WHAT MUSCLES DO HIGH CABLE FLY WORK

PECTORAL MUSCLES

Being the primary muscle targeted in this workout, pectoral muscle covers the largest portion of the chest area and helps in arm adduction and internal rotation of the arm at the shoulder joint.

When doing the fly technique, the arm movement prompts the chest muscles to contract and activate, which facilitates muscle build up and strengthening.

Building a solid and strong chest muscle is beneficial especially for athletes because it helps protect your chest from severe injuries and accidents.

Of course, let us not forget that a bulk chest radiates confidence and power. It can never go wrong.

LATISSIMUS DORSI

Best known as Lats, latissimus dorsi is a large muscle located on your back and it covers the middle and lower back. One of the main roles of the Lats is to stabilize the spine while doing various movements.

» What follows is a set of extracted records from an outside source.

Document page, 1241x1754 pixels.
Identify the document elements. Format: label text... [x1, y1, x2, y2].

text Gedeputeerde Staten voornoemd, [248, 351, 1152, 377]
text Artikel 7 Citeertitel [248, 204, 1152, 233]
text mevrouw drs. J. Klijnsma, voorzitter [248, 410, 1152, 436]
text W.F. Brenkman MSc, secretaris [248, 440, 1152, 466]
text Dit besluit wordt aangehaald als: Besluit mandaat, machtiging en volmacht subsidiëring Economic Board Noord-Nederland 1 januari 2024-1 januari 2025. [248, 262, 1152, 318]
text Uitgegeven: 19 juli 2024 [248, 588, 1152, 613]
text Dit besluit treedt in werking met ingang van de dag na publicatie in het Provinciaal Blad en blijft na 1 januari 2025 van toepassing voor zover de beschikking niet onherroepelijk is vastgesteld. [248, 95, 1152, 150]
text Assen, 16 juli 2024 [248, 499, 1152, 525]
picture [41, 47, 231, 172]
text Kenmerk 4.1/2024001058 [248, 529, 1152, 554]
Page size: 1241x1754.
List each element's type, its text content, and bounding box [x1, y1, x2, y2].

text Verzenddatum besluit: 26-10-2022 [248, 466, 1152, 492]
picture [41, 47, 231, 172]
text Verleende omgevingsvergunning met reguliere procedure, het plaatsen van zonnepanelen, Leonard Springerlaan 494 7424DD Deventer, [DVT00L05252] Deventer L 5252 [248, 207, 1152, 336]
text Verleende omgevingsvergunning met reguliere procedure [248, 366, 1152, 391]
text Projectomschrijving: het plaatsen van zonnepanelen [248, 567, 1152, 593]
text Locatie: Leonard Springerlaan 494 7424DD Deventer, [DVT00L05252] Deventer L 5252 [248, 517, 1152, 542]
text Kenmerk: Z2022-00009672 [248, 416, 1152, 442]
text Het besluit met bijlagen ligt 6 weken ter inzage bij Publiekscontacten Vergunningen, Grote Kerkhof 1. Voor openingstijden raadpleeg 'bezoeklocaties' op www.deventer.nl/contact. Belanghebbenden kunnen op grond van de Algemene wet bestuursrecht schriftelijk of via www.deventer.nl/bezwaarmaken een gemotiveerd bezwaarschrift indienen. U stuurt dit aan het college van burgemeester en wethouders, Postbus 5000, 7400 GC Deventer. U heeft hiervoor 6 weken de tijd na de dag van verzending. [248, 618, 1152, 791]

While maintaining a straight back throughout the workout, the Lats muscle contract and help stabilize the spine while doing the pulling movement.

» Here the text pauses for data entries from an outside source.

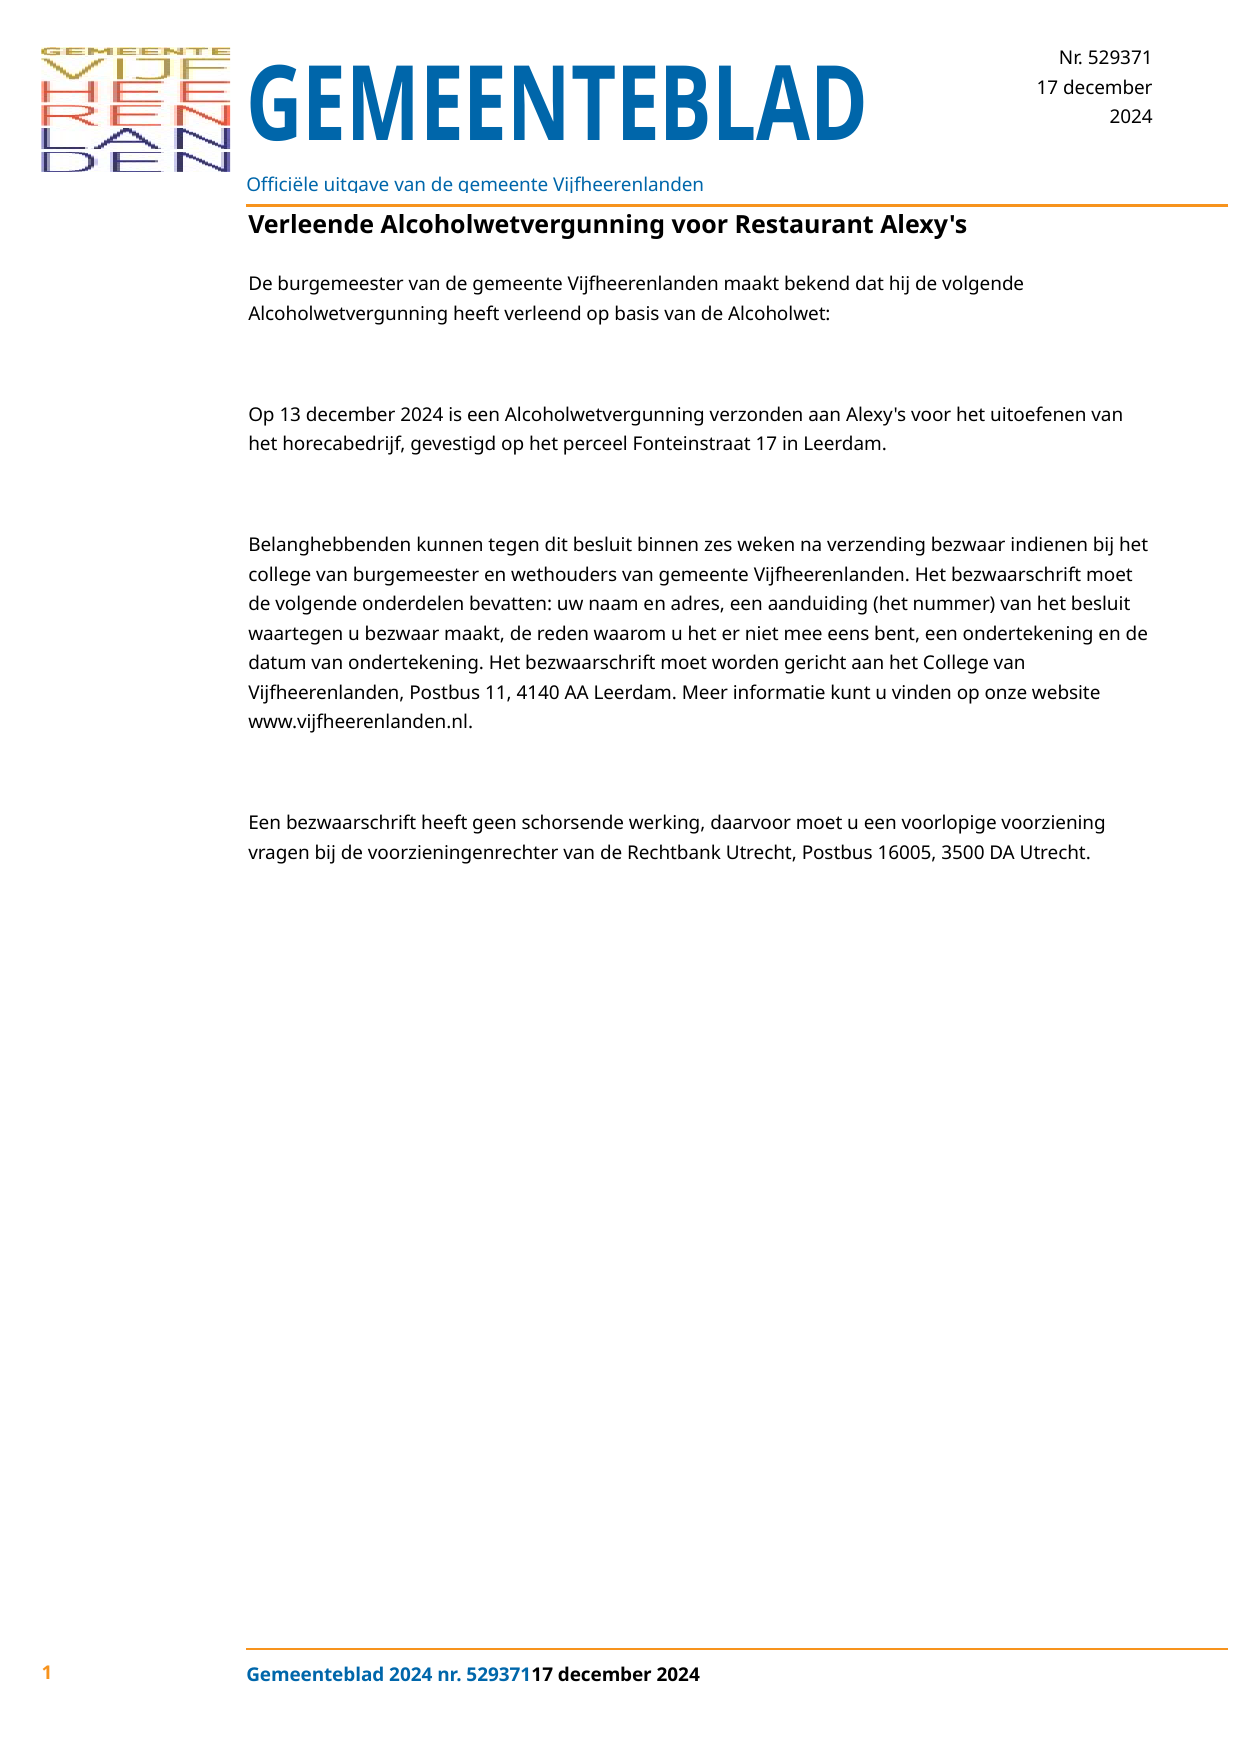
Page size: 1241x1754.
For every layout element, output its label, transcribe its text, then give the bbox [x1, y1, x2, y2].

text Op 13 december 2024 is een Alcoholwetvergunning verzonden aan Alexy's voor het uitoefenen van het horecabedrijf, gevestigd op het perceel Fonteinstraat 17 in Leerdam. [248, 401, 1152, 456]
picture [41, 47, 231, 172]
text Een bezwaarschrift heeft geen schorsende werking, daarvoor moet u een voorlopige voorziening vragen bij de voorzieningenrechter van de Rechtbank Utrecht, Postbus 16005, 3500 DA Utrecht. [248, 809, 1152, 865]
text Belanghebbenden kunnen tegen dit besluit binnen zes weken na verzending bezwaar indienen bij het college van burgemeester en wethouders van gemeente Vijfheerenlanden. Het bezwaarschrift moet de volgende onderdelen bevatten: uw naam en adres, een aanduiding (het nummer) van het besluit waartegen u bezwaar maakt, de reden waarom u het er niet mee eens bent, een ondertekening en de datum van ondertekening. Het bezwaarschrift moet worden gericht aan het College van Vijfheerenlanden, Postbus 11, 4140 AA Leerdam. Meer informatie kunt u vinden op onze website www.vijfheerenlanden.nl. [248, 531, 1152, 734]
text De burgemeester van de gemeente Vijfheerenlanden maakt bekend dat hij de volgende Alcoholwetvergunning heeft verleend op basis van de Alcoholwet: [248, 270, 1152, 326]
text Verleende Alcoholwetvergunning voor Restaurant Alexy's [248, 207, 1152, 241]

Developing the muscle builds a neutral and healthy spine.

ANTERIOR DELTOID

The anterior deltoid is the front part of the deltoid muscle, which helps you move your arm forward when doing the technique.

The muscles activate when you pull the handle forward and helps stabilize the movement. Working out the muscles, helps you develop a strong shoulder muscle.

HIGH CABLE FLY BENEFITS

CHEST MUSCLE DEVELOPMENT AND STRENGTHENING

Chest out and squeezed is a good start to activating the muscles while doing the High Cable Fly workout. Developing your pec muscles benefits your fitness ability as it increases the chances of progressing in your training program and adding more weights.

POSTURE REINFORCEMENT

A straight back while working out means the Lats muscles are tight and hold the spine in a neutral position. This helps to reinforce posture and in due time reduce back pain and risks of back injuries.

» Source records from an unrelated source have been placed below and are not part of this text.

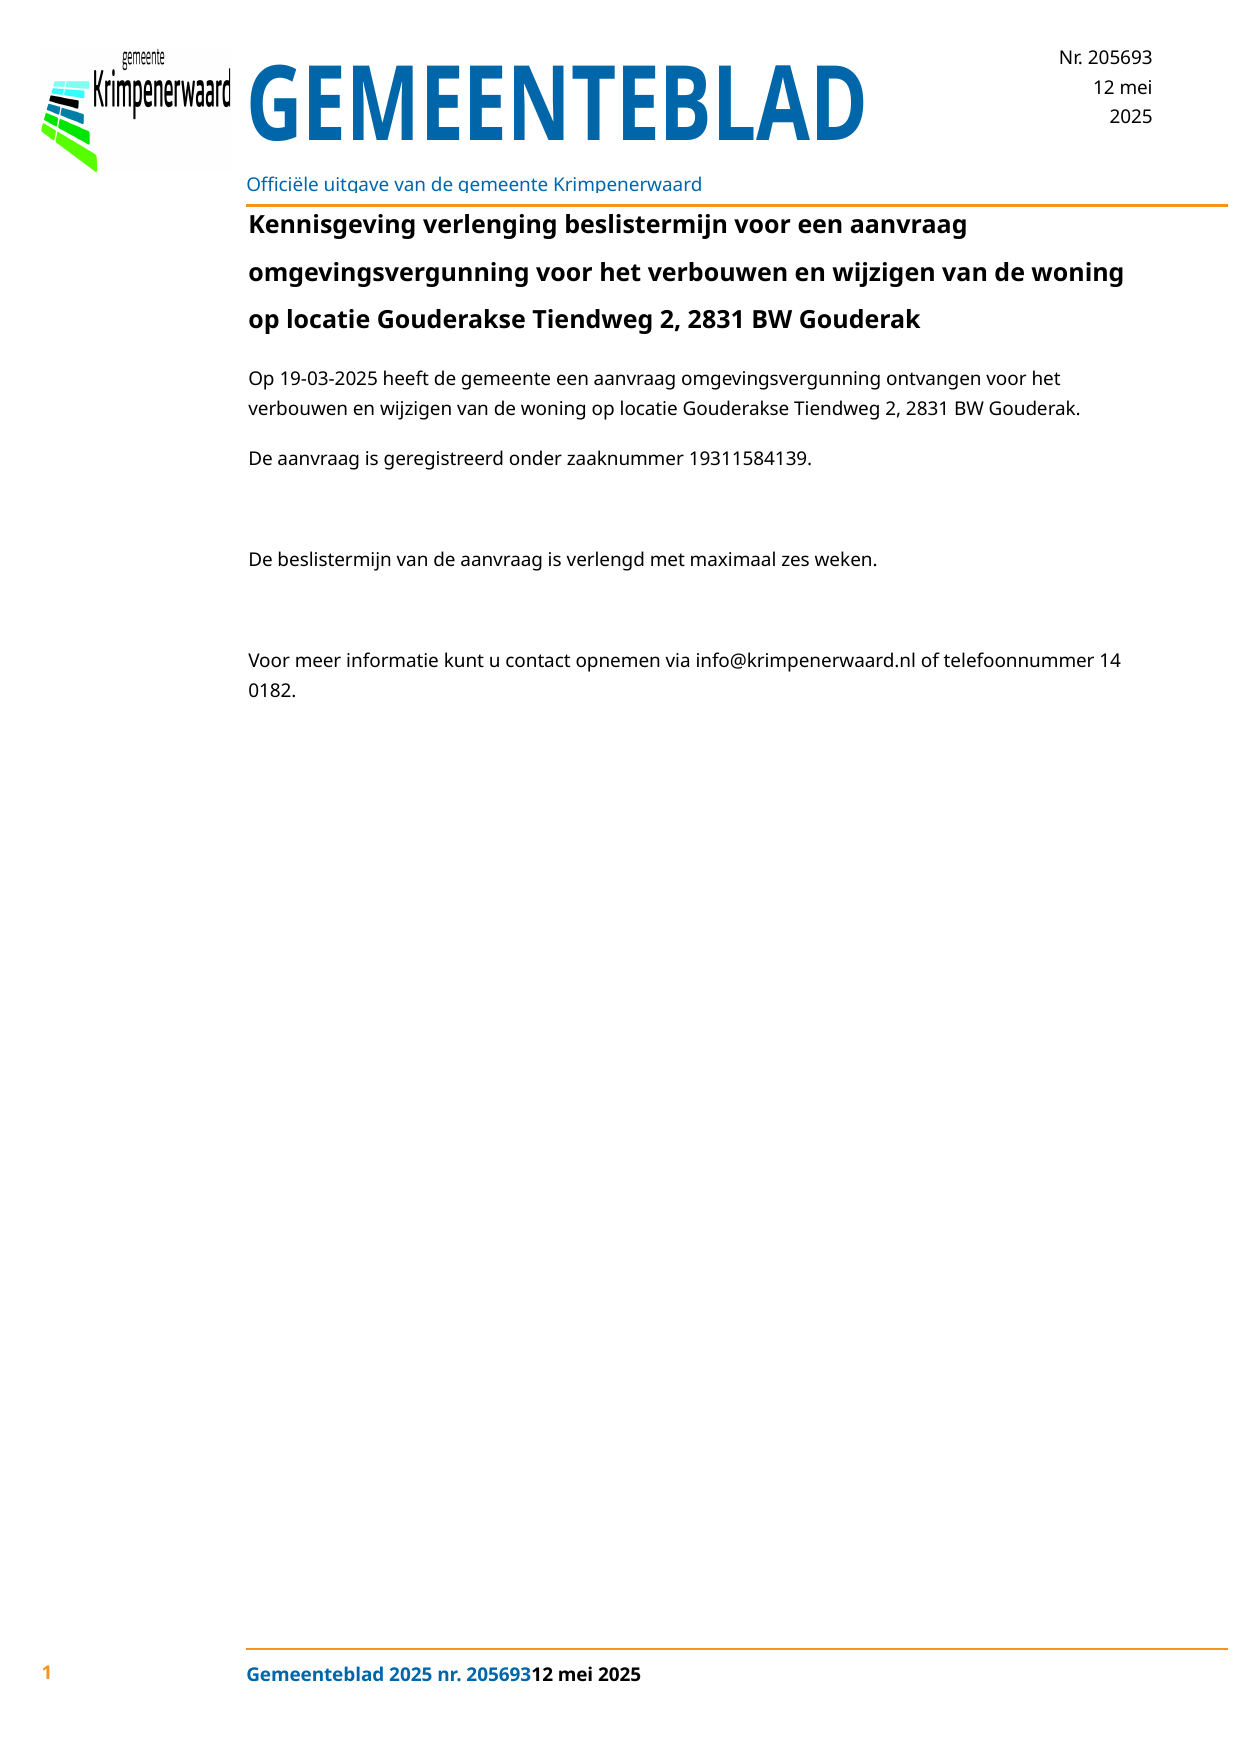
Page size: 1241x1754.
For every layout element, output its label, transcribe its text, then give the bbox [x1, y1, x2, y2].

text Op 19-03-2025 heeft de gemeente een aanvraag omgevingsvergunning ontvangen voor het verbouwen en wijzigen van de woning op locatie Gouderakse Tiendweg 2, 2831 BW Gouderak. [248, 366, 1152, 421]
picture [41, 47, 231, 172]
text De aanvraag is geregistreerd onder zaaknummer 19311584139. [248, 446, 1152, 471]
text Kennisgeving verlenging beslistermijn voor een aanvraag omgevingsvergunning voor het verbouwen en wijzigen van de woning op locatie Gouderakse Tiendweg 2, 2831 BW Gouderak [248, 207, 1152, 336]
text Voor meer informatie kunt u contact opnemen via info@krimpenerwaard.nl of telefoonnummer 14 0182. [248, 647, 1152, 702]
text De beslistermijn van de aanvraag is verlengd met maximaal zes weken. [248, 546, 1152, 572]

ALTERNATIVES TO HIGH CABLE FLY

DECLINE DUMBBELL CHEST FLY

Chest workout variations are as many as you would them like to be, declined dumbbell chest fly does not give your muscles a break as it completely pushes your chest muscles to the extreme.

How to do it:

  • Grab two dumbbell weights that best fit your fitness strength and endurance.
  • With one dumbbell on each hand, lie flat on a padded bench so that your upper body is firmly pressed on the bench.
  • Press feet firmly on the floor and hold the dumbbells with your palms facing up and your arms stretched out. This is your starting position.
  • Exhale and bring the dumbbells together on top of your chest and hold the position. Your arms are to be straight when raising the dumbbells up.
  • Inhale and lower your hands back to your starting position.
  • Do 2 reps of 10-12 reps

PUSH UP

Home workouts are the best especially if most of the time you are working. Push-ups help you keep your upper body in shape without hitting the gym.

How to do it:

  • Find a place on the floor where you can fully extend your body.
  • Assume a plank position on the floor. Fully extend your legs and position hands below your chest in a wider shoulder-width distance. This is your starting position.
  • Brace your core, inhale and lower yourself down by bending at the elbows. Keep your hips up and torso straight.
  • Go as low as you can and remember not to flare out your elbows. Exhale and push yourself up to your starting position.
  • Do 2 sets of 10-15 reps.

HIGH CABLE FLY MISTAKES TO AVOID

ROUNDED/CURVED BACK

Your spine is a delicate stack of bones that enable you to stand, rotate, run and do all those normal movements. Curve the spine and you will feel a discomfort that can lead to constant back pains or even lead to an injury.

Straightening your back protects the spine from tension and stress which helps you have a healthy spine and a pretty confident posture.

KEEPING FEET TOGETHER

Believe it or not, a staggered stance (one leg in front of the other) is the best stance for High Cable Fly because it offers better balance and movement.

Keeping feet together may feel better but in terms of a better option and balance, a staggered stance wins.

CONCLUSION

High Cable Fly strengthens your upper body especially your chest muscles that gives you a strong and toned look.

Shoulder muscles are developed and strengthened, which helps protect the shoulder joint from injuries.